Items from a dataset:
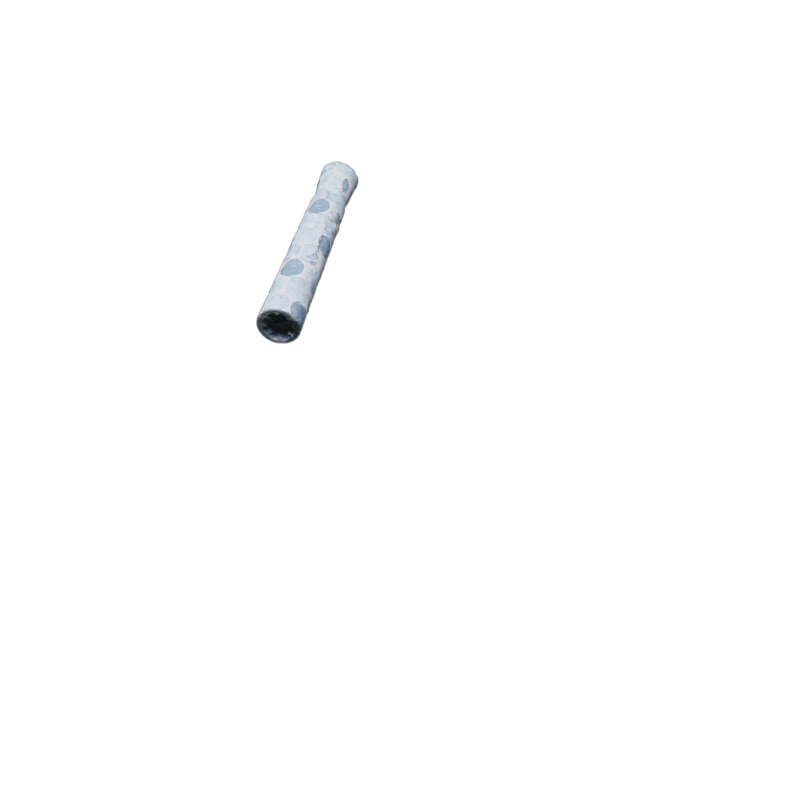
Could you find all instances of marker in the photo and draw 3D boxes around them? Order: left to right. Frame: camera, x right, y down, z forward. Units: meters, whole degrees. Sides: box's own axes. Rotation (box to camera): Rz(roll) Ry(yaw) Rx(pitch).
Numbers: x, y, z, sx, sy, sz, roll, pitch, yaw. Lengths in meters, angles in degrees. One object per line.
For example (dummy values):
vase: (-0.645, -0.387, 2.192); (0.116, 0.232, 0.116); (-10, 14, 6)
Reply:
marker: (-0.039, -0.070, 0.492); (0.020, 0.018, 0.128); (0, 40, 13)
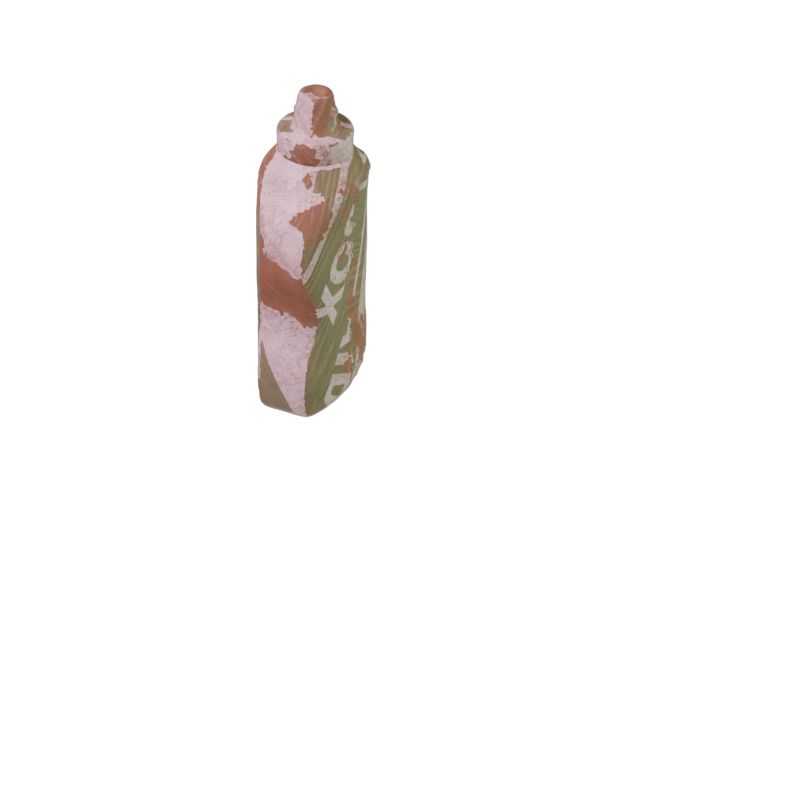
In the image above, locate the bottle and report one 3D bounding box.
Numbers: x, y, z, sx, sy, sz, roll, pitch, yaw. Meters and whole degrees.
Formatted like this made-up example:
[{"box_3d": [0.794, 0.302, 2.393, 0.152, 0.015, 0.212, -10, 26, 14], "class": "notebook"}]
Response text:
[{"box_3d": [-0.049, -0.089, 0.626, 0.060, 0.179, 0.100, 15, 41, 15], "class": "bottle"}]
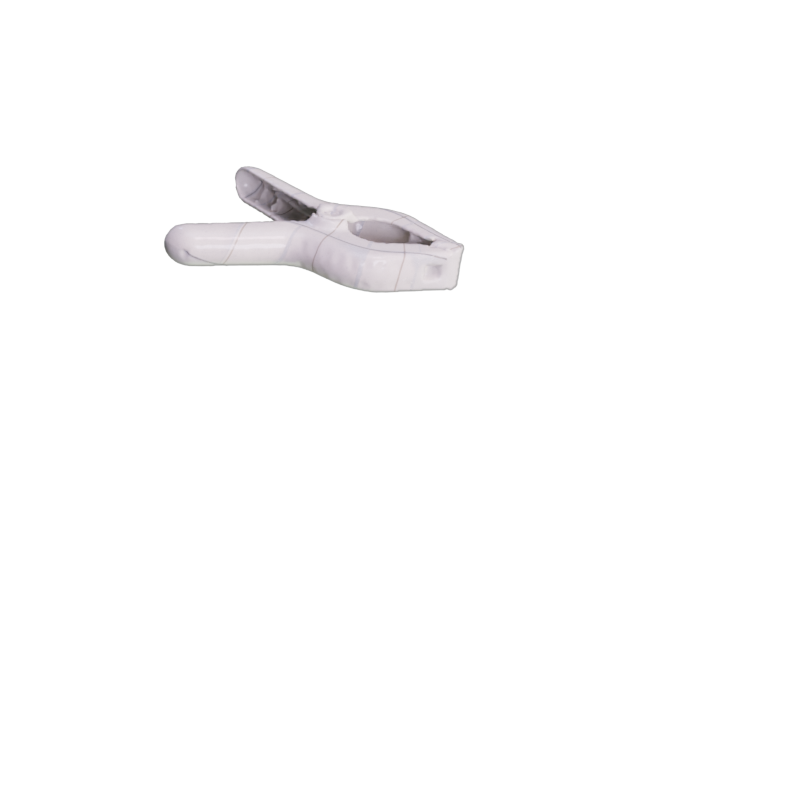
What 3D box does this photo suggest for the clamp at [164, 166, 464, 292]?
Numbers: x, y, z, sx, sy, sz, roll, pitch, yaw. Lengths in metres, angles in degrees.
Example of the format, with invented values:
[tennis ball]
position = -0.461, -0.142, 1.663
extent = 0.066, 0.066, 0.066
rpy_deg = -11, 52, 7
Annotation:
[clamp]
position = -0.052, -0.095, 0.665
extent = 0.179, 0.037, 0.123
rpy_deg = 17, 39, 21

> TASK STATEMENT
Could you write out exactly the lines running from the one with "For example (dummy" through the last line of the data above, both ends kept, and omit any picture?

> SOLVED EXERCISE
For example (dummy values):
vase: (-0.645, -0.387, 2.192); (0.116, 0.232, 0.116); (-10, 14, 6)
Reply:
marker: (-0.039, -0.070, 0.492); (0.020, 0.018, 0.128); (0, 40, 13)
In the image above, locate the bottle and report one 3D bounding box.
Numbers: x, y, z, sx, sy, sz, roll, pitch, yaw. Meters and whole degrees.
Formatted like this made-up example:
[{"box_3d": [0.794, 0.302, 2.393, 0.152, 0.015, 0.212, -10, 26, 14], "class": "notebook"}]
Response text:
[{"box_3d": [-0.049, -0.089, 0.626, 0.060, 0.179, 0.100, 15, 41, 15], "class": "bottle"}]
What 3D box does this photo suggest for the clamp at [164, 166, 464, 292]?
Numbers: x, y, z, sx, sy, sz, roll, pitch, yaw. Lengths in metres, angles in degrees.
Example of the format, with invented values:
[tennis ball]
position = -0.461, -0.142, 1.663
extent = 0.066, 0.066, 0.066
rpy_deg = -11, 52, 7
Annotation:
[clamp]
position = -0.052, -0.095, 0.665
extent = 0.179, 0.037, 0.123
rpy_deg = 17, 39, 21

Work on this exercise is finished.